Peter Prendergast, MD, chief hospitalist at St. Joseph’s Hospital and associate professor of Medicine at SUNY Upstate Medicine Center in Syracuse, New York, suggests that conflicts with physicians in these situations are not common. “Physicians overwhelmingly understand that we have more information by which to make admitting decisions,” says Dr. Prendergast. “We just need to make sure the patient understands that the physician makes the best possible decision with the data set he or she has and that we have access to more information and assessment tools and may draw a different conclusion.”
Nonetheless, Dr. Prendergast acknowledges that there are other situations that present the potential for attending-hospitalist conflict. “You may run into a problem with the primary care physician when the patient presents with a medical problem that previously was treated in the hospital that now is treated on an outpatient basis,” he notes.
Dr.
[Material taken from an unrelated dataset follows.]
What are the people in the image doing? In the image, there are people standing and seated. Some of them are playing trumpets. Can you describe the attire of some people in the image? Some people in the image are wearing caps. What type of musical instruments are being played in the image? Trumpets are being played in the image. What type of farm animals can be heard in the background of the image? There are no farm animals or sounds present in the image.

Leyhane offers another common conflict with attendings. “Sometimes the physician will order a test or procedure that will not be reimbursed because it is unrelated to the patient’s reason for admission,” he says. “When this happens and the patient gets the bill, he or she is unhappy with the hospital and not the attending physician.”
These situations generally occur because the physician doesn’t realize that a service isn’t reimbursable or that a protocol has changed, Dr. Prendergast stresses, and not because the practitioner is being stubborn or contrary. Nonetheless, it presents a conflict.
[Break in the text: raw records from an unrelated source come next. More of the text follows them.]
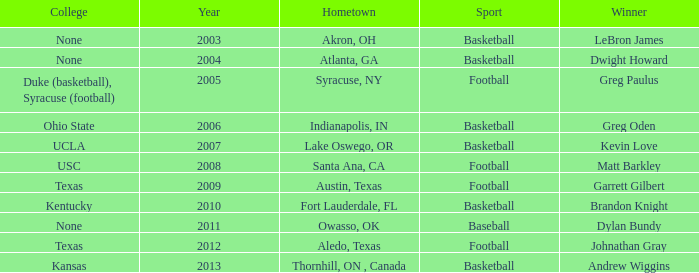What is the total number of Year, when Winner is "Johnathan Gray"? 1.0. 
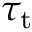Convert formula to latex. <formula><loc_0><loc_0><loc_500><loc_500>\tau _ { t }</formula> 
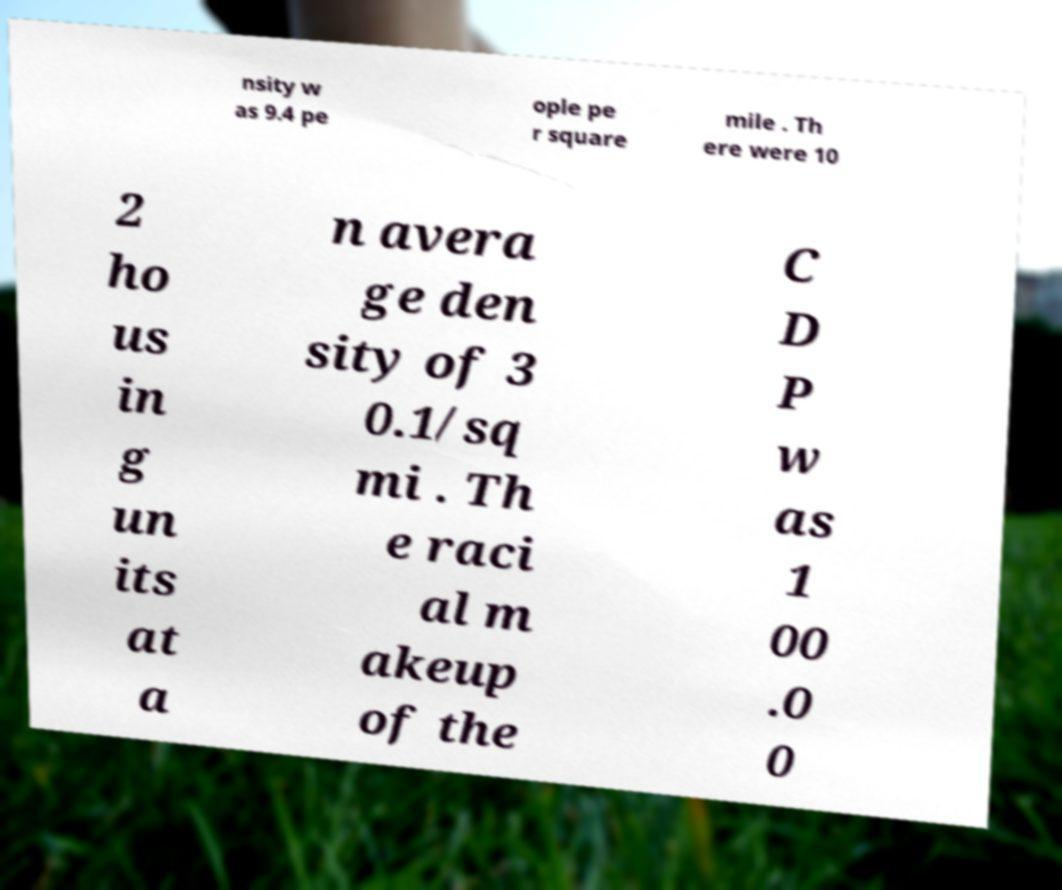Could you extract and type out the text from this image? nsity w as 9.4 pe ople pe r square mile . Th ere were 10 2 ho us in g un its at a n avera ge den sity of 3 0.1/sq mi . Th e raci al m akeup of the C D P w as 1 00 .0 0

“You need to let the physician know that there has been a change in treatment standards or that there is a reimbursement issue. Once he or she has the facts, you aren’t likely to have another problem,” says Dr. Prendergast. “The physician needs to get a phone call or at least a note in a timely manner.”
Dr. Marcus actually advises that hospitalists talk with the physician before communicating any information to the patient that conflicts with what the doctor has told him or her. “Otherwise,” he observes, “the conflict already has escalated.” Physicians, he says, don’t want to hear about a difference of opinion after the fact.
Hospitalist-Patient Conflicts
Roger Gildersleeve, MD, administrative hospitalist at Augusta Medical Center, Fishersville, Va., says conflicts with patients or family members are common situations for the hospitalist. “You may see conflicts when there is a disconnect between the patient’s or family’s expectations and the realities of the patient’s prognosis and outcomes,” he says. “We spend a lot of time trying to bring these two things closer together.”
One key to resolving these problems is to make a quick study of the situation. “You usually can read patients and families—by their body language and facial expressions—when you enter the room,” says Dr. Gildersleeve, “and you can detect tension and hostility.”
Dr. Prendergast agrees. “When you see patients and families in certain situations—such as 2 a.m. in the ER—you can make some reasonable assumptions about what they are thinking or feeling,” he says. “You can predict what these people’s concerns are, and you can address them even before they ask. Acknowledging their position and concerns is important.”
When possible, preparing for family and/or patient encounters can make a difference. “Before seeing a new patient, I try to learn as much as I can about him or her,” says Dr. Gildersleeve. “We have a good computer system, so it’s pretty easy. I use some of what I’ve learned in my opening comments, and this gives patients and families more confidence in me and my ability to deal with them as individuals.”